# Living in Joburg Now..want to meet some other people who have moved here from UK



## ali_82 (Dec 28, 2013)

Hi All
Hope all your christmas's were great!!!! 
I moved over here about 6 months ago and my partners family lives with us, I don't understand their language but am trying to learn but need to find some friends/mates to speak in English too more and enjoy some time away from house with! 
Anyone from UK or anyone who likes chat, glass of wine or beer and general escapes ! Get in touch!

Alice )


----------



## bshoward (Jun 18, 2012)

ali_82 said:


> Hi All
> Hope all your christmas's were great!!!!
> I moved over here about 6 months ago and my partners family lives with us, I don't understand their language but am trying to learn but need to find some friends/mates to speak in English too more and enjoy some time away from house with!
> Anyone from UK or anyone who likes chat, glass of wine or beer and general escapes ! Get in touch!
> ...


Hi Alice we moved to Joburg about a year ago, am sort of in the same boat what area are you in.


----------



## ali_82 (Dec 28, 2013)

Hi...Sorry for delay been in Lephalale for few days...I live in edenvale...near greenstone mall area...you? did you have a nice xmas and new year?


----------



## bshoward (Jun 18, 2012)

Hi it was ok I suppose was with the inlaws so enough said


----------



## ali_82 (Dec 28, 2013)

Same here...so where abouts are u in Joburg??


----------



## bshoward (Jun 18, 2012)

Bryanston sandton


----------



## ali_82 (Dec 28, 2013)

Nice area that...well should catch up some time in Sandton for vent..and chat..lol!


----------



## Jem62 (Jul 25, 2012)

The best free networking opportunities to meet other internationals and Brits is to attend a large multinational Church, RHEMA comes to mind. Even if you don't believe, making new friends and meeting new people is second to none. They have interests groups and sports teams and certainly you will meet Brits in a non-threatening environment. Truly it is the best way to do it, people in SA still go to church in very large numbers.


----------



## rbb_jhb (Jan 11, 2014)

*Try "Meetup"*



ali_82 said:


> Hi All
> Anyone from UK or anyone who likes chat, glass of wine or beer and general escapes ! Get in touch!
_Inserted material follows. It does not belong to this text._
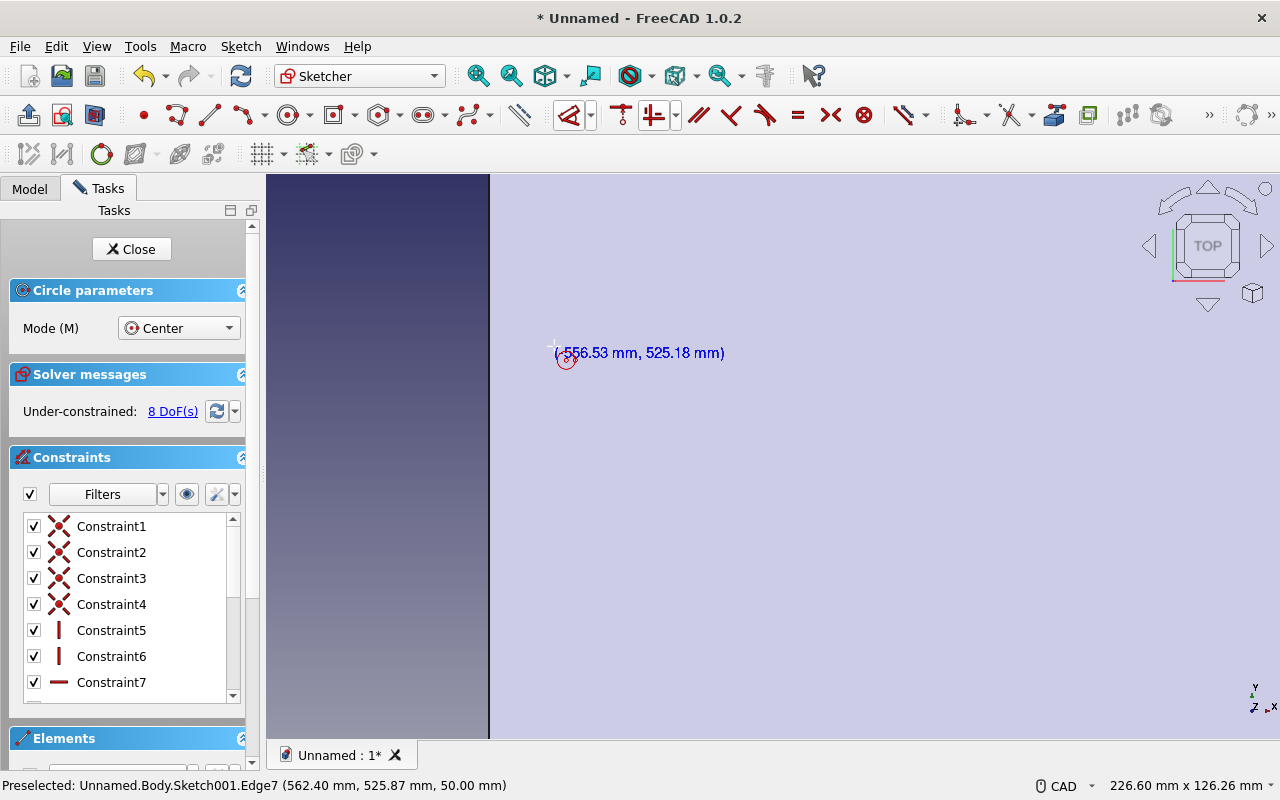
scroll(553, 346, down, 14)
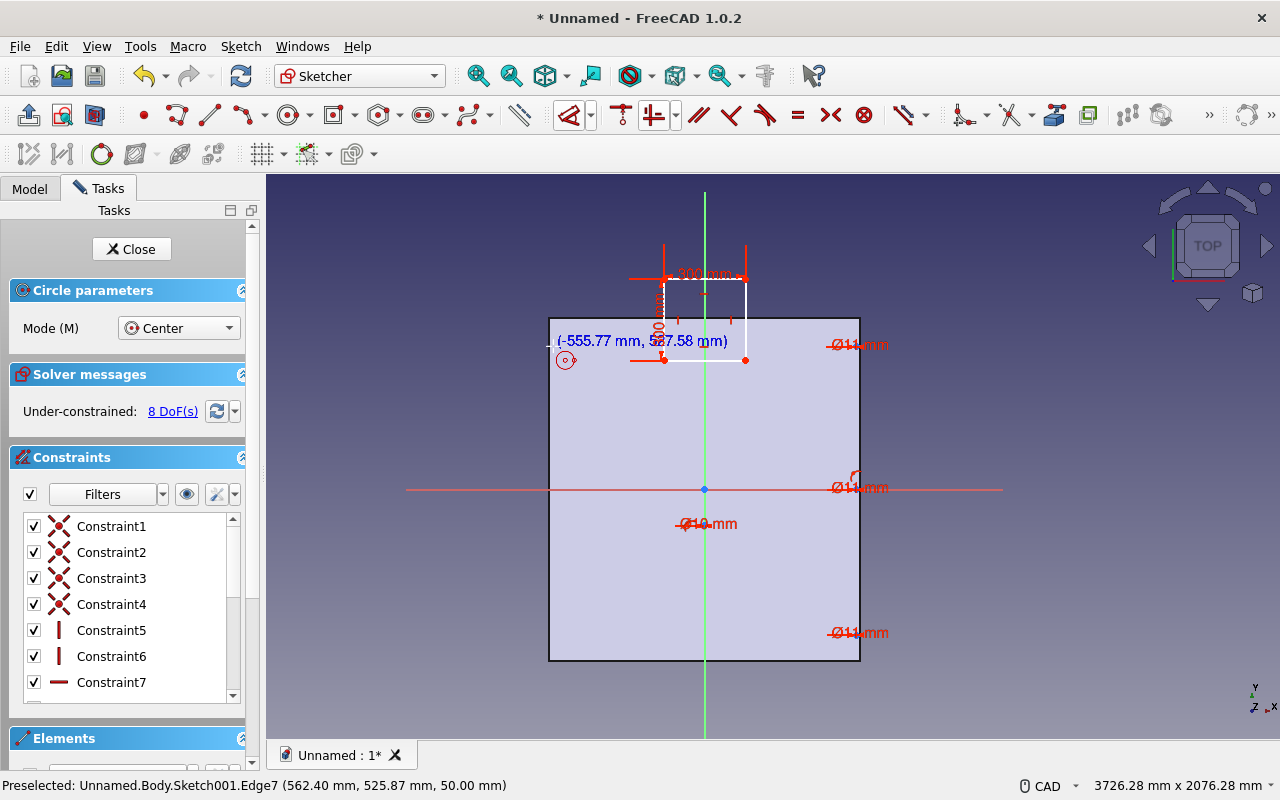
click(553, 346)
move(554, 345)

Have you considered joining a "Meetup" group in Johannesburg? It's a great way to meet people from all countries... plus locals. There are groups with specific themes, eg, the Johannesburg Book and Movie Club. The Funseekers group has a lot of events out your way. There's also the Gauteng Expats group. My experience is that the people are all really friendly, and you're sure to find some events that appeal.


----------



## MissGlobal (Aug 4, 2012)

Just one more thing I'd suggest - Internations

They are a huge expat community and have monthly coordinated meetups all over the world. I've been to the cape town ones. The downside is that their meetups aren't free - about R90 in cape town (free for paid members) - but the venues are decent. I think that includes 1 free drink and unlimited nibbles.... I went to a couple - don't think I would go to tons of them but I did get to meet folk who are still friends a year later.....


----------



## yazz (Nov 21, 2013)

Hello, just moved last November around Joburg, not from UK but i'm would also be happy to find contacts and events around.


----------